THIS painter, although he is one of the more distinguished members of the Royal Academy, differs from many of his fellows in owing none of his technical training to that institution, which, although the public takes small notice of the circumstance, devotes the larger portion of its means to the gratuitous education of artists, and is even more energetic as a teaching than as an exhibiting body. Mr. Yeames is, so far as his native country is concerned, a pupil of the late Mr. J. S. Westmacott and the present Director of the National Portrait Gallery. Passing from the hands of these advisers, having, during a brief sojourn in this island, not obtained admittance to the schools at Trafalgar Square, he went to Italy and entered the Academy at Florence, where he remained two years under the charge of Professor Pollastrini and of Raffaelle Buonajuti, while his great natural powers ripened, so that he was soon on the way to distinction.
Returning to the outset of his career, let me say that Mr. Yeames was born in December, 1835, at Taganrog, where his father, a man of culture and warm artistic sympathies, was British Consul. The family, in which the painter is the fourth son, belongs to Norfolk, and, as Mr. Fenn, to whose biography of his friend I am indebted for a few details of this sketch, states, both his parents zealously promoted the early declared artistic inclinations of their son. The student was not more than seven years old when his father took the whole family to Rome, on purpose, it is said, that they might become familiar with the treasures of the metropolis of bygone design. Between 1843 and 1848, a sojourn at Dresden favoured the general education of my subject. Removed to England, he, while a pupil of Messrs. Westmacott and Scharf, attended the anatomical classes at University College, London. After this he returned to Italy, and prosecuted his studies in Florence and Rome until 1858, when he settled in London, where he had determined to bring to fruit the labours of his youth. The effects of these Italian studies are always observable in his works.

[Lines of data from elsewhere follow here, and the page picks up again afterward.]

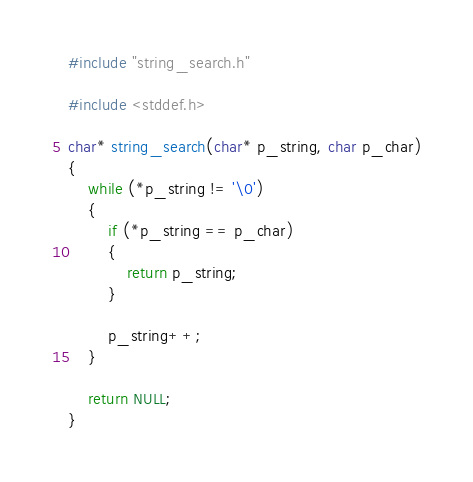<code> <loc_0><loc_0><loc_500><loc_500><_C_>#include "string_search.h"

#include <stddef.h>

char* string_search(char* p_string, char p_char)
{
	while (*p_string != '\0')
	{
		if (*p_string == p_char)
		{
			return p_string;
		}

		p_string++;
	}

	return NULL;
}
</code> 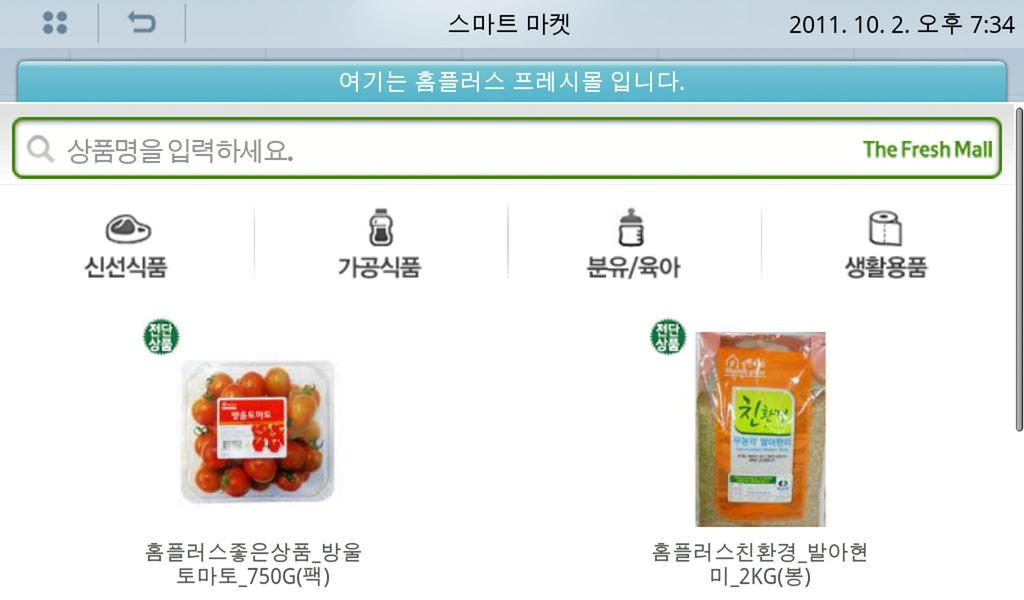What type of image is being described? The image is a screenshot of a website. How many pear-shaped fangs can be seen on the partner in the image? There is no partner or pear-shaped fangs present in the image, as it is a screenshot of a website.

Mr. Yeames’s first exhibited pictures were at the Academy in 1859, and consisted of a {54} portrait of Mr. B. Wishaw of Cheltenham, and a humorous and pathetic example called “The Staunch Friends,” which, by representing a jester and his monkey, attracted a certain amount of attention in artistic circles, and heralded a wider success. It initiated a series of historical and domestic romances in art, the number of which already approaches a hundred. Of these, the majority were at the Academy; half-a-dozen, including the noteworthy “Trystinge Houre,” were at the British Institution; one, called “Sophy and Lionel,” was at Suffolk Street in 1861; many more were at the French Gallery and at the Dudley Gallery. Of the managing society of the last-named exhibition our painter was, during several years, a prominent, and, I believe, an active member. The more important of his productions have been seen in Trafalgar Square and at Burlington House. Of these the leading examples are as follows. Omitting the exhibition of 1860, when Mr. Yeames did not appear at the Academy, he made a considerable mark in 1861 with “The Sonetto,” which excelled in showing a young Italian bard (Petrarch) pacing up and down a long external gallery of an ancient Florentine house, where he had put aside his large lute, and maintained rapt in the act of poetic composition. The character of the face and the spirit of the attitude, the effect of morning on the house-tops seen from the gallery, the general representation of light in the whole work, and above all, an impression of originality in its sentiment and technique, commended this picture to painters. Therefore Mr. Yeames’s next year’s work was looked for with much interest. “The Toilette,” a comparatively unimportant example, accompanied “The Sonetto.” The picture of 1862 was styled “Rescued,” and showed a child fallen into the sea whom a bold sailor has rescued, and is now clinging for life to a jetty with the little one in his arms. The lookers-on are full of expression.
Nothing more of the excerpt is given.